Ya casi termino de leer el periódico y no han llegado los parientes. Este domingo tardan más de lo acostumbrado. Al fin aparecen. Escucho el ruido del carro y miro de nuevo por la rendija de la cortina. Vienen más cargados que de costumbre. Suben las escaleras entre risas y bromas y gritan de alegría cuando la vecina les abre la puerta.
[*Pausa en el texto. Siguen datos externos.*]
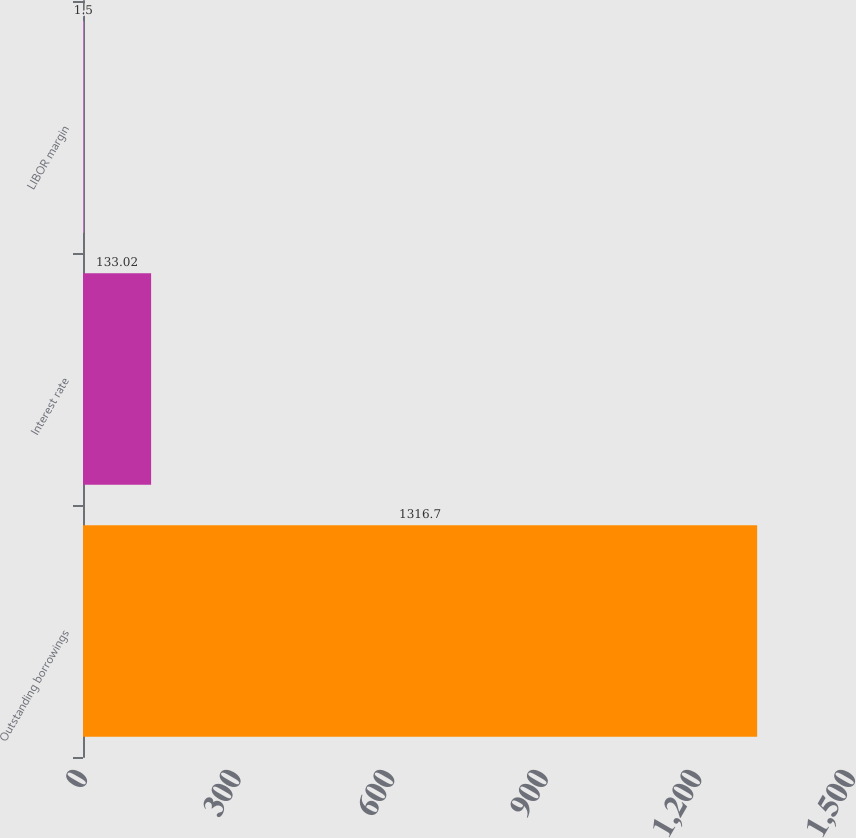Convert chart. <chart><loc_0><loc_0><loc_500><loc_500><bar_chart><fcel>Outstanding borrowings<fcel>Interest rate<fcel>LIBOR margin<nl><fcel>1316.7<fcel>133.02<fcel>1.5<nl></chart> 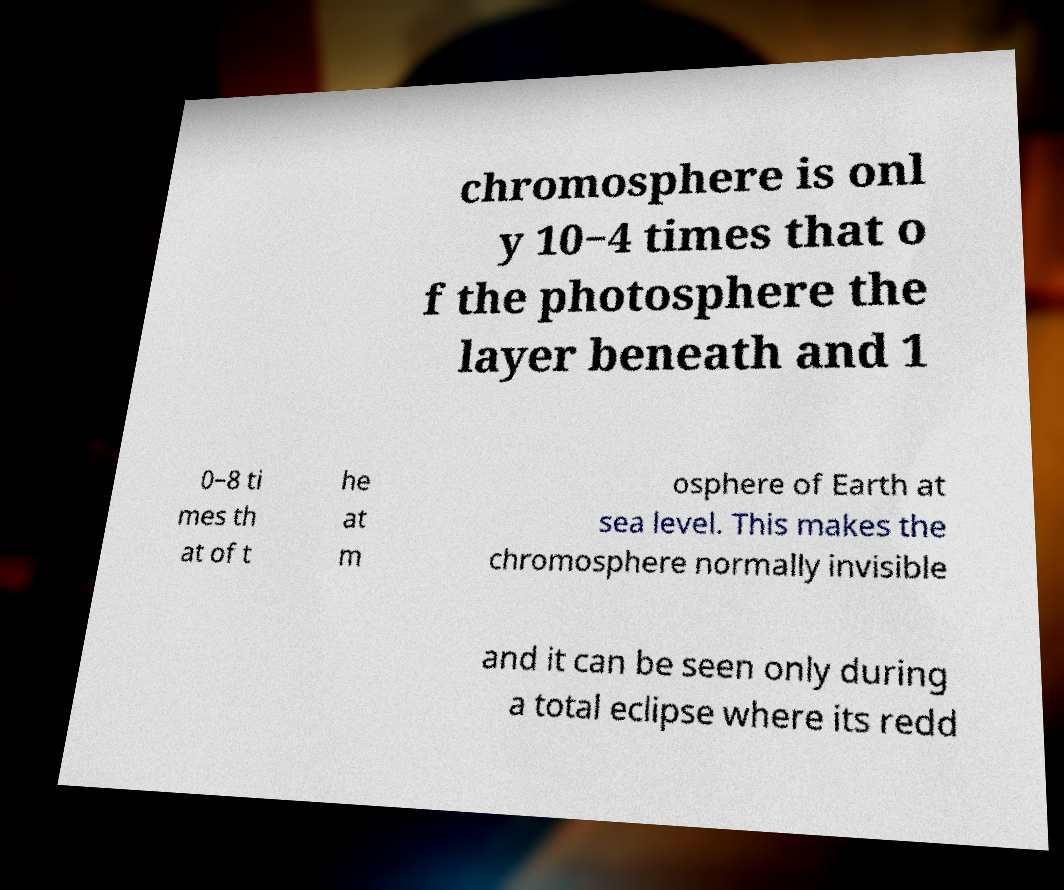Can you read and provide the text displayed in the image?This photo seems to have some interesting text. Can you extract and type it out for me? chromosphere is onl y 10−4 times that o f the photosphere the layer beneath and 1 0−8 ti mes th at of t he at m osphere of Earth at sea level. This makes the chromosphere normally invisible and it can be seen only during a total eclipse where its redd 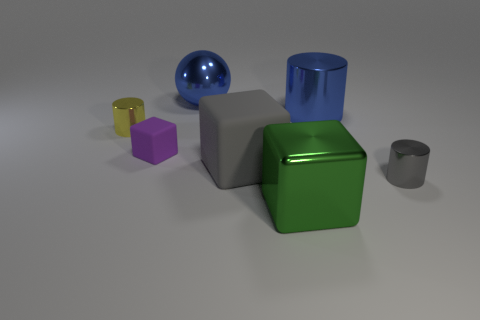What is the shape of the green shiny object that is in front of the small rubber block?
Offer a terse response. Cube. What number of metallic cubes are the same size as the yellow metallic thing?
Your response must be concise. 0. There is a shiny cylinder that is in front of the big matte object; does it have the same color as the big cylinder?
Give a very brief answer. No. There is a cube that is both to the right of the shiny sphere and behind the gray metal object; what is it made of?
Give a very brief answer. Rubber. Are there more tiny gray metallic cylinders than rubber things?
Your answer should be compact. No. What is the color of the shiny cylinder behind the small metal object that is on the left side of the gray rubber object to the right of the tiny purple block?
Your answer should be very brief. Blue. Are the tiny cylinder to the left of the ball and the small purple object made of the same material?
Offer a very short reply. No. Are there any shiny objects that have the same color as the shiny sphere?
Ensure brevity in your answer.  Yes. Are any tiny shiny objects visible?
Make the answer very short. Yes. There is a cylinder that is to the left of the purple rubber object; does it have the same size as the purple rubber thing?
Give a very brief answer. Yes.

Al rato se hace un silencio y después entonan el «cumpleaños feliz» en inglés, desafinados. ¡Ah, era eso!

A mi, el día de mi cumpleaños no me gusta pasarlo en casa. Prefiero ir a cualquier sitio desconocido, inventarme un viaje a un lugar de la costa y sentarme durante horas mirando el mar. Sentir que también el tiempo se vuelve nuevo, renace, mirar otros cielos y otras gentes. Pero nunca, nunca, este ritual de la torta, las velitas y el cumpleaños feliz en inglés. Es que eso…eso era antes.

Anochece, el encanto de la visita de hoy se ha roto, enciendo la luz y decido no seguir escuchando la celebración que sucede al otro lado del pasillo.

Una nueva semana y durante estos días no he visto entrar y salir a la empleada. Paso los días distraída en mis cosas y hoy domingo empiezo a sentir, desde bien temprano, la agitación interior que me produce la proximidad de un nuevo encuentro. Están cerca las caricias y el revuelo y no puedo concentrarme en la lectura.

Al fin llega la tarde, ubico la silla en la esquina de la sala desde dónde puedo observar la llegada de los parientes. Ver sin ser vista sus caras y atuendos, escuchar sus pasos en la escalera y sentir la voz de la vecina, las expresiones de júbilo, los abrazos.

Espero atenta y no aparecen. Un vértigo interior me sobrecoge, ¿y si no vinieran hoy? Crece en mí un sentimiento de desamparo, de soledad y abandono. ¿Es posible que, por algún motivo que desconozco, tengamos, ella y yo, que empatar una semana con otra sin recibir la visita de los parientes?

Transcurren las horas y nadie llega. Termina el domingo en la penumbra de la sala con las luces apagadas. Paso la noche en vela. Al fin amanece. Me ahogo en la casa y la incertidumbre por la ausencia inesperada de los parientes me agobia. Salgo y miro hacia arriba. Las ventanas están cerradas.

Han puesto un anuncio, con grandes letras negras, que dice «SE VENDE».